We provided fully sampled k-space data and corresponding ground truth image reconstructions for the training and validation subsets, which could be used by the participants to develop and train their machine learning models and to determine any hyperparameters. In order to make most efficient use of our available data, we used the same training and validation cases for the multi-coil and single-coil tracks.

For the test set, we provided different subsets of undersampled k-space data for the single and the multi-channel tracks. Participants could upload their reconstruction results to our public leaderboard at http://fastmri.org/. We then calculated NRMSE, PSNR and SSIM and evaluated performance on the complete test dataset as well as individual errors for the two image contrasts (with and without fat suppression). Participants could submit to each track leaderboard once a day before the submission deadline. Submissions were ranked by SSIM of R=8 undersampling. A screenshot of baseline entries for the multi-coil track, provided by Facebook AI Research and NYU for reference, is shown in Figure 0(a). In addition to the quantitative scores, we also show a selection of reconstructed images on the leaderboard.

The challenge dataset was released on September 5th, 2019 (see below for a description of the timeline), and the submission window was then open for 14 days. The evaluation and the structure of the leaderboard for the challenge phase were identical to those for the test phase, but each team could only make one challenge submission, and challenge results were made available only after the submission window was closed. A screenshot of the leaderboard for the multi-channel track of the completed challenge is shown in Figure 0(b).

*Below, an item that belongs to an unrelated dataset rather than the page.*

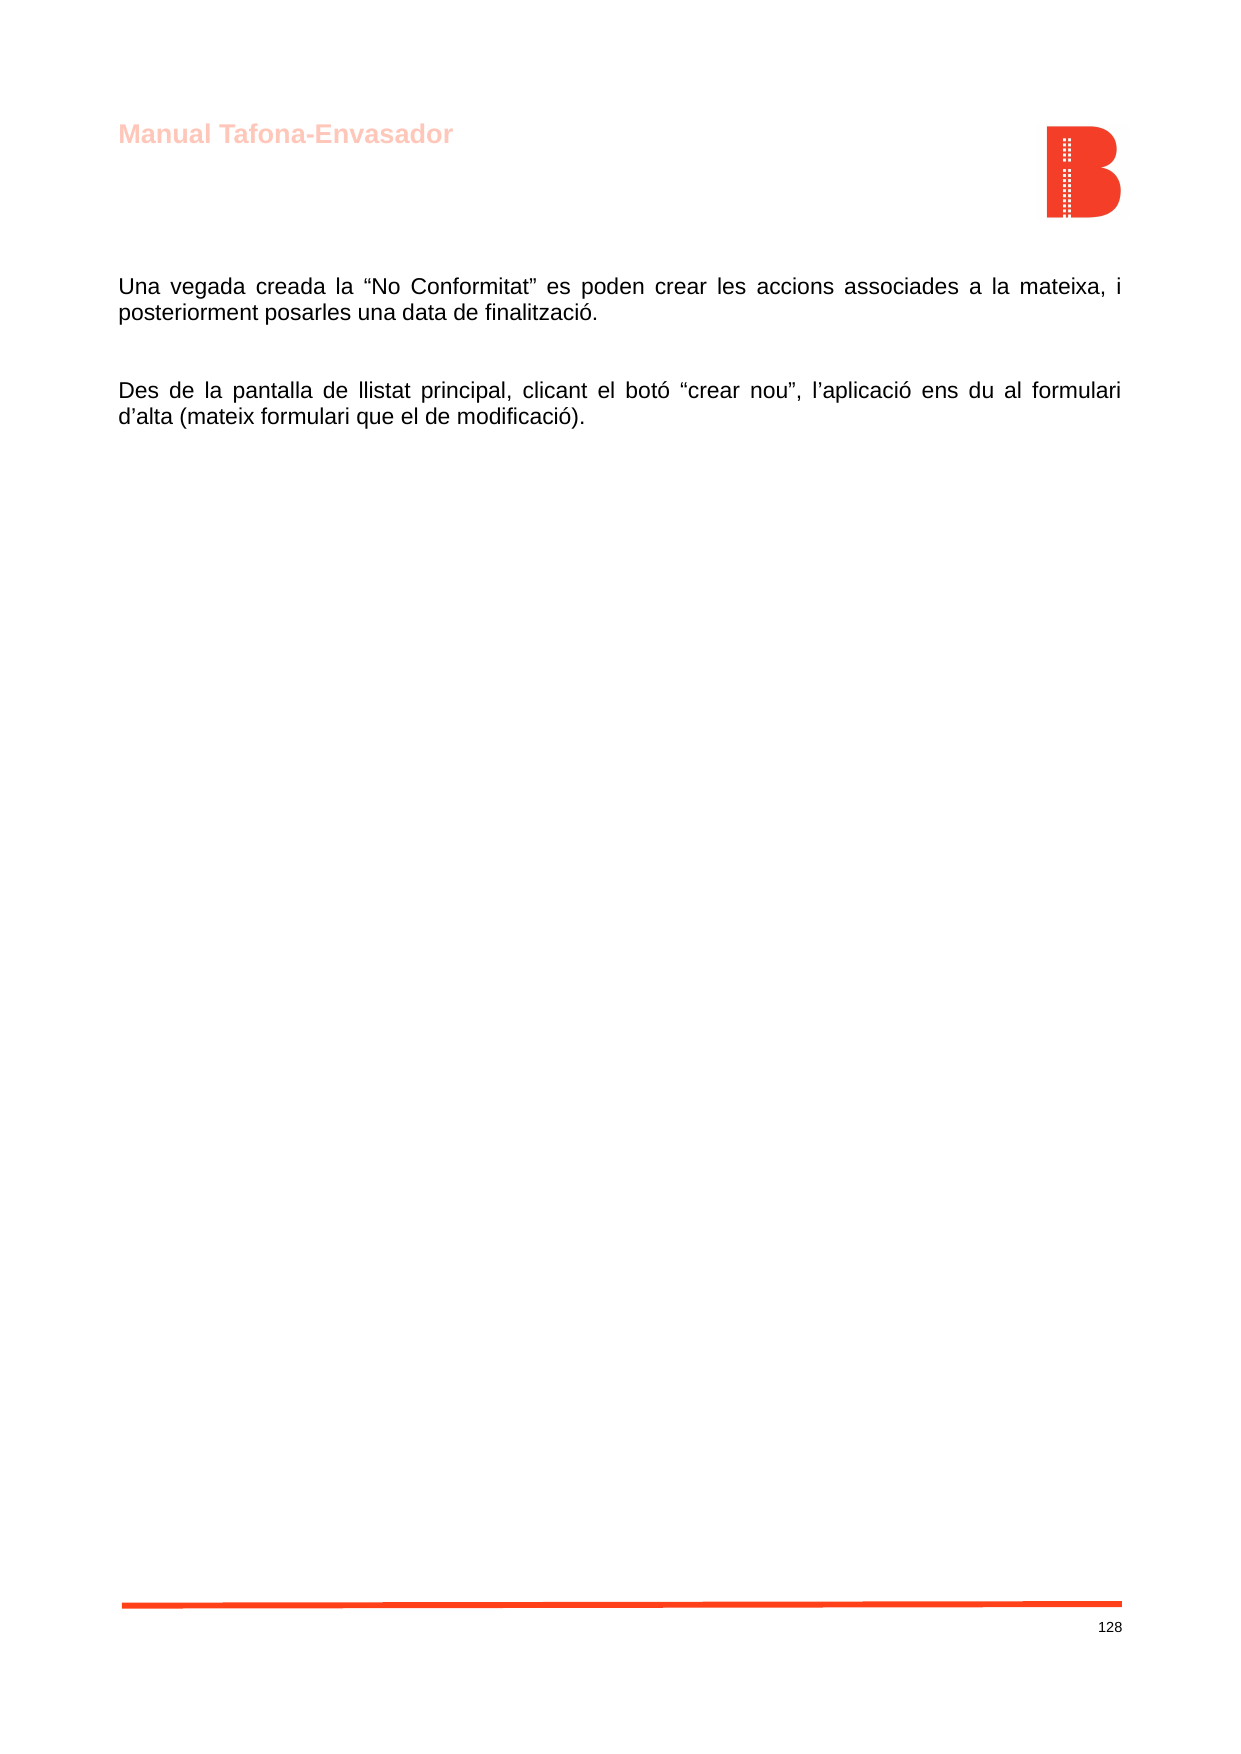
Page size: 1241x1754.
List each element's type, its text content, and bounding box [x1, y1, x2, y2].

(a) Overview of Facebook AI Research and NYU baseline entries for the multi-coil test-set leaderboard. (Baseline entries with modest performance were provided for reference.) Three quantitative metrics are provided for R=4 and R=8 for both image contrasts, along with a selection of reconstructed images. A short description of the reconstruction approach used, together with links to a corresponding paper or code repository, are also shown if the submitting groups provide this information.
(b) Challenge leaderboard showing the 8 submissions for the multi-coil track.
Figure 1: Online leaderboard at the completion of the challenge (December 2019).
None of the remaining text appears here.